O número de óbitos por tabaco é de 3 milhões de pessoas por ano. Se a atual tendência de consumo não for revertida, a OMS estima que, a partir de 2000, o fumo será responsável por 10 milhões de mortes por ano - dos quais 70% em países em desenvolvimento. No Brasil, os dados oficiais são muito defasados. O Ministério da Saúde e o próprio Inca trabalham com informações levantadas em 1989, pelo Instituto Brasileiro de Geografia e Estatística (IBGE). Naquela época, haviam no País 30,6 milhões de fumantes, dos quais 31.946 eram crianças de 5 a 9 anos; 396.767, de 10 a 14 anos; e 2.341.151, adolescentes entre 15 e 19 anos. "Quanto mais cedo a pessoa se torna fumante
mais difícil será para ela largar o vício", afirma Costa e Silva. "Por isso, toda a política de saúde deve estar voltada para os jovens, que é o principal alvo da propaganda".

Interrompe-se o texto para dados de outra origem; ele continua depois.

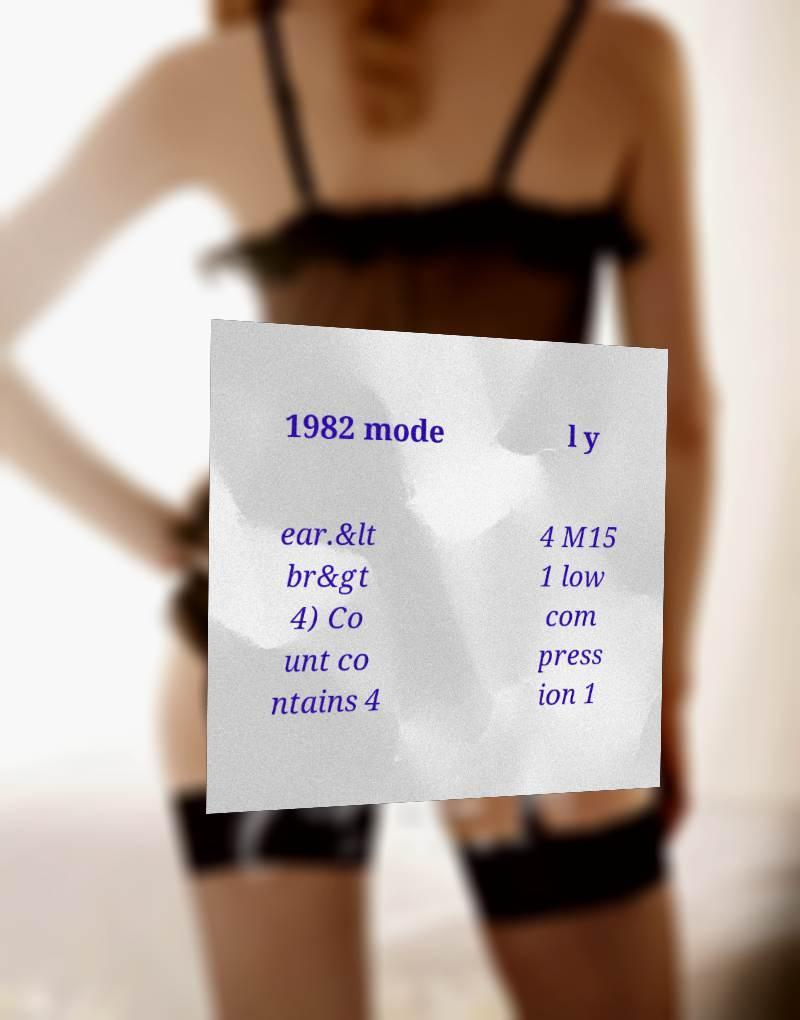Please read and relay the text visible in this image. What does it say? 1982 mode l y ear.&lt br&gt 4) Co unt co ntains 4 4 M15 1 low com press ion 1

O médico defende medidas drásticas contra a indústria do tabaco, como a permissão da veiculação de comercias apenas em horários noturnos - de preferência depois das 22 horas - e, a longo prazo, uma política de governo que priorize a substituição da produção do fumo no País por outras culturas rentáveis. Hoje, o Brasil é o principal exportador de tabaco do mundo, que gera aos cofres do governo só em impostos algo em torno de US$ 500 milhões.